I didn’t think much about it then. I only realized I was in trouble when they started playing music together. Sally spends so much time at the piano every day, working or practicing, that she just about never touches it for fun. She used to, sometimes, with Norris, when he lived with us—I remember they used to do old stuff, Beatles, or rhythm and blues, clowning around together to crack me up. But once they split up, she quit all that, never again—that fast, that flat. And now here was Evan coming over with somebody’s beat-up classical guitar, and the two of them waking me up at night singing English and I guess Irish folk songs. He was all right, nothing much, about like me on piano. But they were having a great time, you could tell. I could tell, lying there listening in the dark.
Of course he was over practically every day after they got engaged. They’d order pizza and sit in the kitchen talking about finding a place in London, because Evan’s old flat wouldn’t be nearly big enough, and about where I’d go to school, and where Sally might teach regularly, instead of freelancing the way she did here. I didn’t talk if I could avoid it, and I really tried not to even listen. I think I felt that if I ignored everything that was going on, maybe none of it would actually happen. Mister Cat is terrific at that. All the same, I still couldn’t help picking up a few things, whether I wanted to or not, and some of them didn’t sound that terrible. London, for instance. London sounded pretty much like NewYork, give or take, with all kinds of crazies wandering around, and all kinds of at least interesting stuff going on everywhere.

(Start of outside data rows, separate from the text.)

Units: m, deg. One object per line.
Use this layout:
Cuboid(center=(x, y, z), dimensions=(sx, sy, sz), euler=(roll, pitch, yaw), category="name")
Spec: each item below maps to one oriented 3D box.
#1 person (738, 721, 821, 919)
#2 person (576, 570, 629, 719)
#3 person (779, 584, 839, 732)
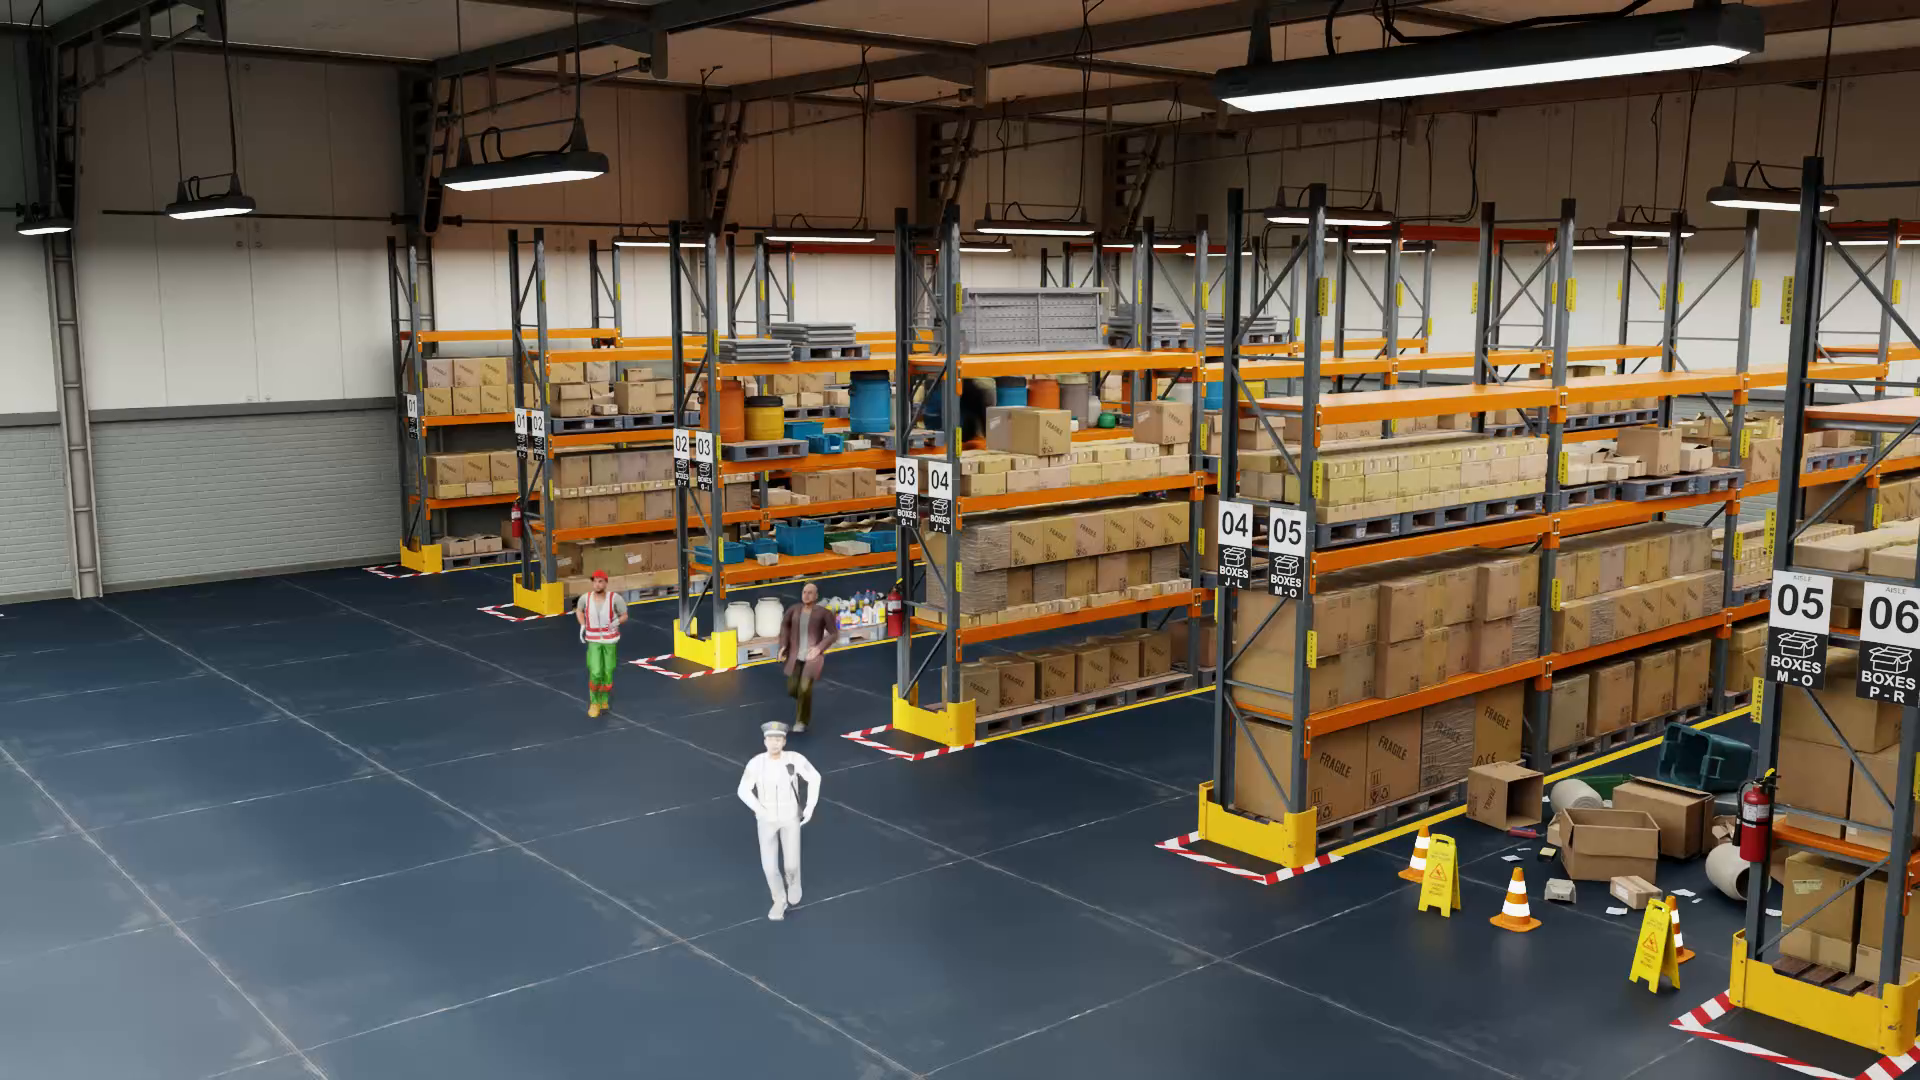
Cuboid(center=(-1.471, 2.285, 13.507), dimensions=(0.668, 1.668, 0.526), euler=(0, 9, -2), category="person")
Cuboid(center=(-4.277, 1.249, 19.932), dimensions=(0.619, 1.809, 0.713), euler=(-2, 9, -11), category="person")
Cuboid(center=(-1.773, 1.457, 19.417), dimensions=(0.743, 1.510, 0.685), euler=(2, 9, 13), category="person")

And I even started to think, well, okay, just maybe I could handle London. If I absolutely had to.
Sally told me Evan had custody of his two boys, the way she did of me—they were staying with his sister while he was over here— so I knew they’d be living with us, and that was about all I knew. He showed us four million Polaroids, of course, a whole suitcase full. One of the boys was just a baby, nine or ten—that was Julian— but the other one, Tony, was a couple of years older than me, and Evan said he was a dancer, been a dancer practically since the day he was born. Wonderful. I love him already.